King John's structural use of surprise and of chance events is not unique in Shakespeare. Two plays written at roughly the same period in his career in striking ways generate surprise and rely on accident within the plot. The sudden announcement of the death of the King of France at the end of Love's Labor's Lost comes as a shocking surprise (anticipated by a single comment in the opening scene [LLL TLN 148]); it is a matter of pure chance that its timing is such as to postpone, at least for a year, any happy ending. Romeo and Juliet, on the other hand, studiously avoids surprise (in the Quartos, though not in the Folio text) through the device of the opening Chorus that warns the audience not to get their hopes up. But the tragic plot is explicitly precipitated by chance as well as the hot haste of both the young lovers and the older generation: Friar John is arbitrarily delayed in delivering the crucial message by an outbreak of the plague, and Friar Laurence conveniently, and somewhat improbably, gets an attack of tomb-fright just at the right moment to leave Romeo to discover the still apparently dead Juliet with no one to tell him of her imminent recovery. Even Richard II, which looks forward to the character-driven structure of what we think of as Shakespearean tragedy, recounts the coincidence that the supporting army, supposed to meet him on his arrival from Ireland, is disbanded the day before his landing (R2 TLN 1423).

Shakespeare did not, in general, adopt the dramatic modes he experimented with in these later scenes of King John, but even his much later plays return at times to the same techniques.
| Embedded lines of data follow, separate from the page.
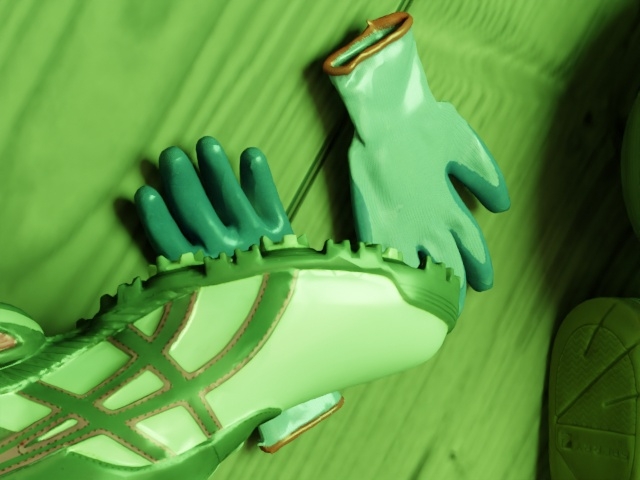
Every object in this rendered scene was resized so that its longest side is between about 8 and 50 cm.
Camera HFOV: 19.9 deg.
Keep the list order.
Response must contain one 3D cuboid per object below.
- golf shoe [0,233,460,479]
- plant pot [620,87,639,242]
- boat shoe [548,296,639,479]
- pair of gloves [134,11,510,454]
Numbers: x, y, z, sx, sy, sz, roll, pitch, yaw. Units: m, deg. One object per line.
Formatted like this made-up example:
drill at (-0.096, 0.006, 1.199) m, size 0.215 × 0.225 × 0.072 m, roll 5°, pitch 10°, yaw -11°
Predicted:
golf shoe at (-0.070, 0.070, 0.704) m, size 0.272 × 0.105 × 0.120 m, roll -10°, pitch 76°, yaw -16°
plant pot at (0.228, -0.037, 0.914) m, size 0.237 × 0.109 × 0.237 m, roll 2°, pitch 87°, yaw -38°
boat shoe at (0.172, 0.166, 0.936) m, size 0.096 × 0.098 × 0.277 m, roll -1°, pitch 99°, yaw -35°
pair of gloves at (0.000, 0.000, 0.823) m, size 0.198 × 0.023 × 0.159 m, roll -34°, pitch 119°, yaw -21°

The Winter's Tale stands out, with its magical mixture of deep exploration of character and happenstance (Florizel's hawk leading him to the discovery of Perdita, who of course turns out to be the daughter of his father's enemy), and its astonishingly improbable and carefully staged revelation in the final scene that Hermione lives. But a tragedy as profoundly based on character as King Lear also involves unkind chance when Edmund delays the revelation that he has given the order for the deaths of Lear and Cordelia until it is just too late. The ending of King Lear would also come as a shock, not so dissimilar from that of Love's Labor's Lost, to those members of the audience who remembered the historical narrative, or the earlier King Leir, as Shakespeare wrests tragedy from the mouth of romance in reversing the traditional happy ending.

125As an experimental play, King John may be untidy, but it offers actors a wide range of characters to celebrate, giving them opportunities to stir their audience in speeches and scenes of high emotion. The debates it stages resonate with the same audiences as they are invited to explore issues of politics, power, and powerlessness. It remains a play that explores unblinkingly a "mad world" where the most ingenious political maneuvers are ultimately ineffective as unplanned events overshadow human stratagems.